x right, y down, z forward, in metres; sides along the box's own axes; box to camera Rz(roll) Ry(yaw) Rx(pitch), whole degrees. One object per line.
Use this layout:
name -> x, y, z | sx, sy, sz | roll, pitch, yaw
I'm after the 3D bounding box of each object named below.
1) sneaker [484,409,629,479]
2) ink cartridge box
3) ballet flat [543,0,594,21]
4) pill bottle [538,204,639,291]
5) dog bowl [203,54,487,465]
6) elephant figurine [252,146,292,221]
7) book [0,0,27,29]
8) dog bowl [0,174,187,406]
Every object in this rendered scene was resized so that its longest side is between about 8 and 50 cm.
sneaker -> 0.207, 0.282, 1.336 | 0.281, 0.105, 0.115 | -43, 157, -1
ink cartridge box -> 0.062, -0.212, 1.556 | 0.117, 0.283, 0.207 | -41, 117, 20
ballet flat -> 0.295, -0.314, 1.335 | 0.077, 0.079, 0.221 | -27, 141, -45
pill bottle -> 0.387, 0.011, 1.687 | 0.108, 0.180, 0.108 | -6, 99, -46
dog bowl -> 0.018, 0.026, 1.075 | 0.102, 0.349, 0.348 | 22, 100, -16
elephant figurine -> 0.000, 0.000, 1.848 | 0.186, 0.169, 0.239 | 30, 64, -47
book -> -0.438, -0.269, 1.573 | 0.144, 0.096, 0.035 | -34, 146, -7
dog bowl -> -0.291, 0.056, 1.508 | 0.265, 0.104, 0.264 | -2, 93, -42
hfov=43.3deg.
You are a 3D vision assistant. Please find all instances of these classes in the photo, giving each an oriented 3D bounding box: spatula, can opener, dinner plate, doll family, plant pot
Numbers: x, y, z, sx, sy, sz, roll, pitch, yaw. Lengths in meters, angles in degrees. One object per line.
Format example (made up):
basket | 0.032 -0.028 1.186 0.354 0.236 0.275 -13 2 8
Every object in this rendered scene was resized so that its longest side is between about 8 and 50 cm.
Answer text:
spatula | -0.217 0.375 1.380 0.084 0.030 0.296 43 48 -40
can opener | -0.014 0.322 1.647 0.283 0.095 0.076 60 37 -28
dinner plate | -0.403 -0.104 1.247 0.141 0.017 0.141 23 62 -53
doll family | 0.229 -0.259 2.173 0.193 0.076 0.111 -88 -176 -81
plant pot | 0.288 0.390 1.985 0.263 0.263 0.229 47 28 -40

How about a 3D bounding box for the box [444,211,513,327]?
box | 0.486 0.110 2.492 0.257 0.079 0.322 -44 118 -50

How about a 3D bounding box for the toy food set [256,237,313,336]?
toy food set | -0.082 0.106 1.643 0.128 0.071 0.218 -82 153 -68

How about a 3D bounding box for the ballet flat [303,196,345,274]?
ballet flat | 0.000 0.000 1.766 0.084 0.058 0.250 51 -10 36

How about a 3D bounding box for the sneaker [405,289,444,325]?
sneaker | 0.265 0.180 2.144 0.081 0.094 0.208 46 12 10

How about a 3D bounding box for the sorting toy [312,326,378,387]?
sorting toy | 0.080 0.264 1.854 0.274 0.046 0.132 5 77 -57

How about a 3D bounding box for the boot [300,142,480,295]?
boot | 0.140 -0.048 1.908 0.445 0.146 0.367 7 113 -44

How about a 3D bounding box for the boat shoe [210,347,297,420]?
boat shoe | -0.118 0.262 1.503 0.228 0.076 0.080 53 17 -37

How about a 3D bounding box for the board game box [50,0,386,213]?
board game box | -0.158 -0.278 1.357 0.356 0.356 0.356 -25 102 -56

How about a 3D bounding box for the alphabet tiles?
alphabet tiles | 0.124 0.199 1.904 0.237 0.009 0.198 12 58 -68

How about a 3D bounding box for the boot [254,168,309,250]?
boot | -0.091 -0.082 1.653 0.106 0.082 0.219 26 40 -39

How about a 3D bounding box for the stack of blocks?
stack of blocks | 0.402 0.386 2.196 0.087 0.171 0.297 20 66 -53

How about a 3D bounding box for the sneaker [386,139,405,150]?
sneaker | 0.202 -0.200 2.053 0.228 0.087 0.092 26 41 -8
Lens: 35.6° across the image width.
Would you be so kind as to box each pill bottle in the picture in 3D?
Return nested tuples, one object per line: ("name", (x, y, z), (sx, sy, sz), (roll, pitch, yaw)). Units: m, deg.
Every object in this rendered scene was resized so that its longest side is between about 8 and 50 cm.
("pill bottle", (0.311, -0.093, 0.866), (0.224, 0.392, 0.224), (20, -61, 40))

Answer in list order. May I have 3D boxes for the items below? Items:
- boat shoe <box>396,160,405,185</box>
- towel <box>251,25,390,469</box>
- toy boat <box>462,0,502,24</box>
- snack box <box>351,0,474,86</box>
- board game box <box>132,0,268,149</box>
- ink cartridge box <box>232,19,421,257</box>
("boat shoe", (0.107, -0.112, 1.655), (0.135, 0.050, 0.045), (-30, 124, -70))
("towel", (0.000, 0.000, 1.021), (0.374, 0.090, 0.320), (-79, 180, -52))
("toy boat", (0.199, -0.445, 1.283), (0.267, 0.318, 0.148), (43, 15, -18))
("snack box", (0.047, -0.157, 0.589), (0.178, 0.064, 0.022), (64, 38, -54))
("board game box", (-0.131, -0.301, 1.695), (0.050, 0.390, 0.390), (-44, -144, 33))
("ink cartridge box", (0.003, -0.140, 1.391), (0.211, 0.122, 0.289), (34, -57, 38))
• • • • •
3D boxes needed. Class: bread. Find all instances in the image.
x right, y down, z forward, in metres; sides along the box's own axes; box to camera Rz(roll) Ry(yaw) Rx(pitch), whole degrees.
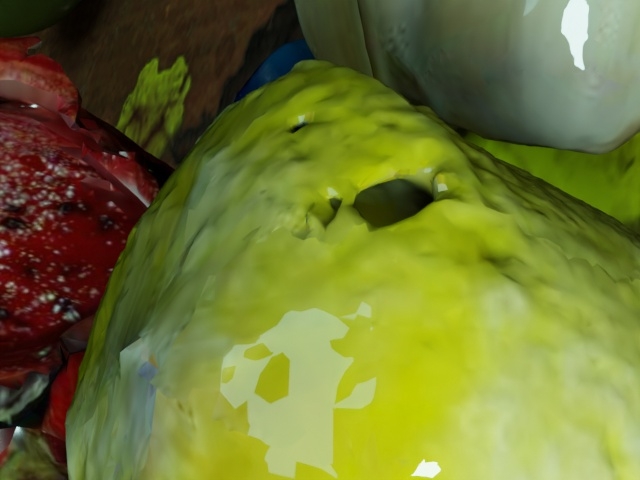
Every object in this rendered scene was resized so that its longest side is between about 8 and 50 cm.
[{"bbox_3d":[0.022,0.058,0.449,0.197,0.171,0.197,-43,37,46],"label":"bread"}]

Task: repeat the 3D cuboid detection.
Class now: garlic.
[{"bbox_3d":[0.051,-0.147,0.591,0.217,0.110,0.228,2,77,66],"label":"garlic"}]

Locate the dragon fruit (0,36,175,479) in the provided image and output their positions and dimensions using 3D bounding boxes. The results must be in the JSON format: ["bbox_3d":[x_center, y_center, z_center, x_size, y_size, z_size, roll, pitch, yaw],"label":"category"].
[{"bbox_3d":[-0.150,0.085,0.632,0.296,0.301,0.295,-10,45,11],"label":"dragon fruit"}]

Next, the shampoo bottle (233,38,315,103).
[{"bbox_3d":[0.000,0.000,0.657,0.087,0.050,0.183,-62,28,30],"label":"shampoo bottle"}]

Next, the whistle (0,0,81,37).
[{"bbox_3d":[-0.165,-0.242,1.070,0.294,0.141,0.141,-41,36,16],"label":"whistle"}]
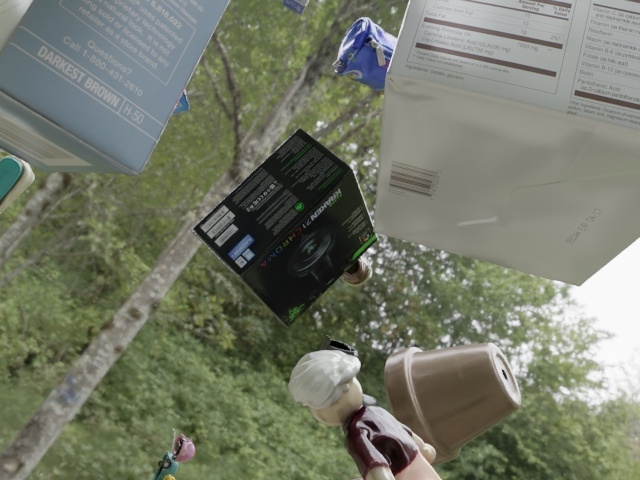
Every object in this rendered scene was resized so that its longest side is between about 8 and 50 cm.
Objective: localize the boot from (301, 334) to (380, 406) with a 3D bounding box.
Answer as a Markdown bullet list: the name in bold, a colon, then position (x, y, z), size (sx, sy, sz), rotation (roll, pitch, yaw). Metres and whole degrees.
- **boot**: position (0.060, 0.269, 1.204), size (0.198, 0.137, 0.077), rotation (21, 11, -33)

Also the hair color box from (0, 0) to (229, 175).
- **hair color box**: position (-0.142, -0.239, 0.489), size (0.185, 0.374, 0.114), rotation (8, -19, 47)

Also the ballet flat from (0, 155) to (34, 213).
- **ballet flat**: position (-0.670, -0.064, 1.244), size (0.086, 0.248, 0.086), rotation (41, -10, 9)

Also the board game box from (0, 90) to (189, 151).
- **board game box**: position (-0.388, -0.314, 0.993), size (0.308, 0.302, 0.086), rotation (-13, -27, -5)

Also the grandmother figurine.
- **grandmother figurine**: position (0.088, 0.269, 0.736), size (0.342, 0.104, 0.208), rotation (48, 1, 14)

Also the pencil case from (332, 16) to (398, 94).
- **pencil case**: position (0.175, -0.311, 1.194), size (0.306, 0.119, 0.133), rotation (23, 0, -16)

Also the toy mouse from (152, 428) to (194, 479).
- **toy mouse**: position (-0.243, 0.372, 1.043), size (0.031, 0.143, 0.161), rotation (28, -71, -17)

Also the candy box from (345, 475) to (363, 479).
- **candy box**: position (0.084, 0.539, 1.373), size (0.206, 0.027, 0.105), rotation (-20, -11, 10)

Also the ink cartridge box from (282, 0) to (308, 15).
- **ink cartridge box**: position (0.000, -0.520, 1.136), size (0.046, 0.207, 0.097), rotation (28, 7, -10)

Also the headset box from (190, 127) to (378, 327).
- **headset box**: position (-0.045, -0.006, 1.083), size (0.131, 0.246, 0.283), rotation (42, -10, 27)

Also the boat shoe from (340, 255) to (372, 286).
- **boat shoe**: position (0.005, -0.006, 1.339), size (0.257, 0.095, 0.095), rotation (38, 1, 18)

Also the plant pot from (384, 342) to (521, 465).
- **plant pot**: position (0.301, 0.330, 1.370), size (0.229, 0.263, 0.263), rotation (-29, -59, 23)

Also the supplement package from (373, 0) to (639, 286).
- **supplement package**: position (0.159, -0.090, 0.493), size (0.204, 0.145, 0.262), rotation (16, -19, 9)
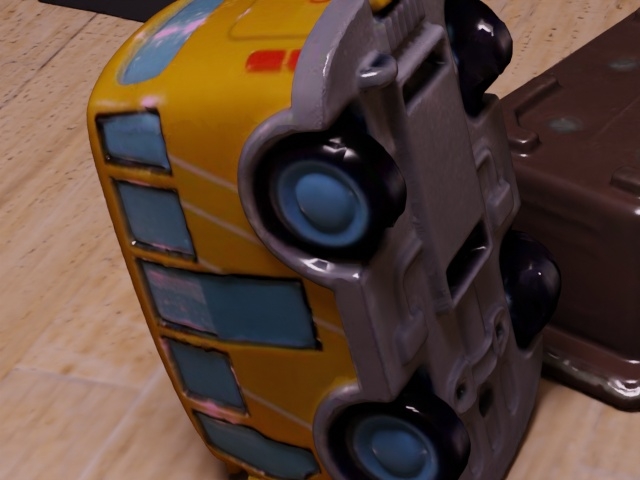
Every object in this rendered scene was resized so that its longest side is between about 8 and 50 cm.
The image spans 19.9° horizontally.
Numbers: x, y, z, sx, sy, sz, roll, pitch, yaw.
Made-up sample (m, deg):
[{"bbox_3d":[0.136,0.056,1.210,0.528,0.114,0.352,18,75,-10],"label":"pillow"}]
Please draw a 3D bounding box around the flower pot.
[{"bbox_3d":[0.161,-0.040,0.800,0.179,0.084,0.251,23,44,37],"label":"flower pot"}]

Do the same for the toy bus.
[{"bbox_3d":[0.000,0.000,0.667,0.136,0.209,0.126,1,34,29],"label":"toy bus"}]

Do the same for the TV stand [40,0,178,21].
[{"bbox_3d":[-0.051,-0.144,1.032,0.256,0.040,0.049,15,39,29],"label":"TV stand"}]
• • • • •
**PROBLEM DESCRIPTION**. Reproduce the lines above, beginning at the line with "whole degrees. One object per line." and stopping after the line with "8) dog bowl [0,174,187,406]", exactly as they are.

**EXERCISE OUTPUT**.
x right, y down, z forward, in metres; sides along the box's own axes; box to camera Rz(roll) Ry(yaw) Rx(pitch), whole degrees. One object per line.
Use this layout:
name -> x, y, z | sx, sy, sz | roll, pitch, yaw
I'm after the 3D bounding box of each object named below.
1) sneaker [484,409,629,479]
2) ink cartridge box
3) ballet flat [543,0,594,21]
4) pill bottle [538,204,639,291]
5) dog bowl [203,54,487,465]
6) elephant figurine [252,146,292,221]
7) book [0,0,27,29]
8) dog bowl [0,174,187,406]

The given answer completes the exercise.